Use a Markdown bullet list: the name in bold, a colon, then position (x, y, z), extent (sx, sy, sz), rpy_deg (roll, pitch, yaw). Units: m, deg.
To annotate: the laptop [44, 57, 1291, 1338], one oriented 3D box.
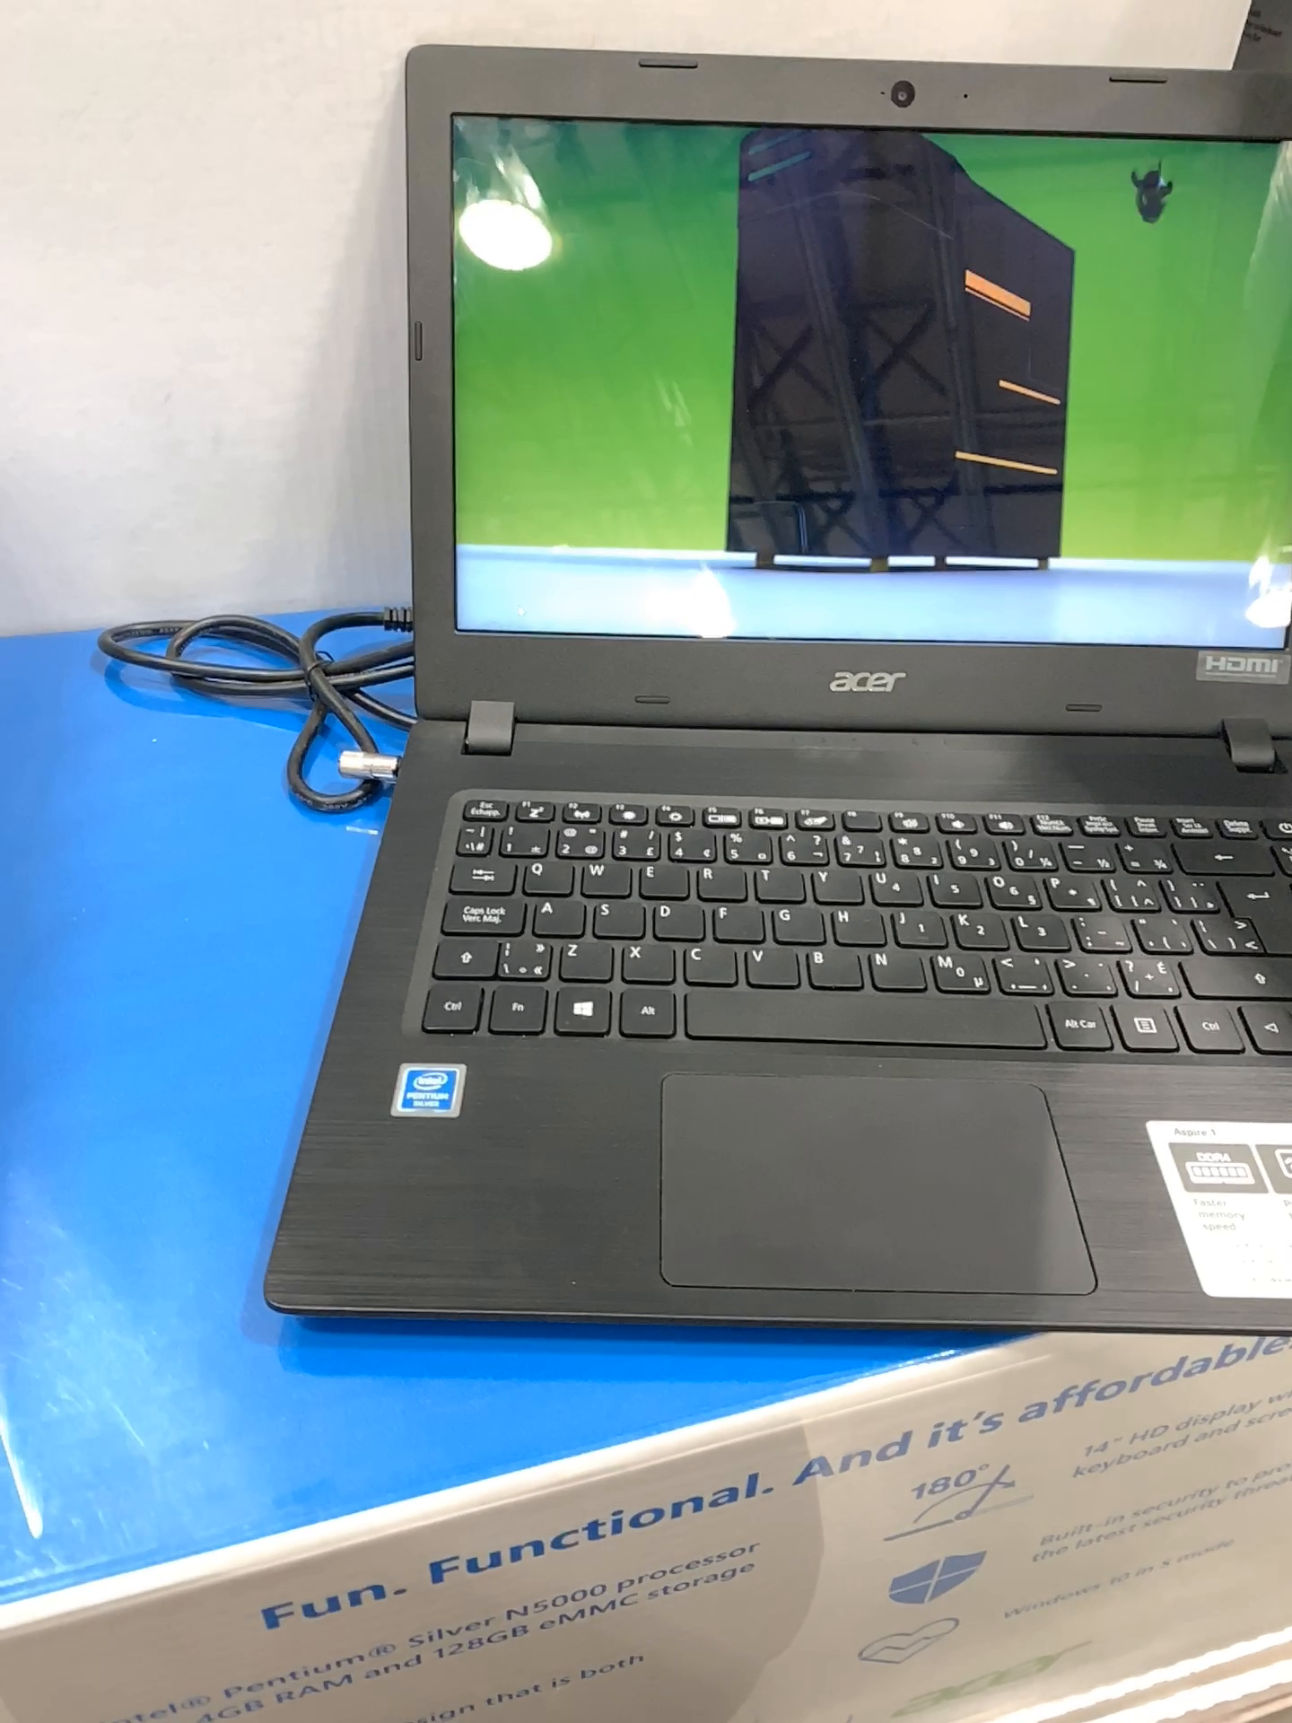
- **laptop**: position (0.079, -0.075, 0.359), extent (0.318, 0.186, 0.329), rpy_deg (2, 40, 0)
--------
- **WORK REQUEST**
Wherever a picture appears, omit it; copy the rest of the data exactly.

- **WRITTEN RESPONSE**
Use a Markdown bullet list: the name in bold, a colon, then position (x, y, z), extent (sx, sy, sz), rpy_deg (roll, pitch, yaw). Units: m, deg.
To annotate: the laptop [44, 57, 1291, 1338], one oriented 3D box.
- **laptop**: position (0.079, -0.075, 0.359), extent (0.318, 0.186, 0.329), rpy_deg (2, 40, 0)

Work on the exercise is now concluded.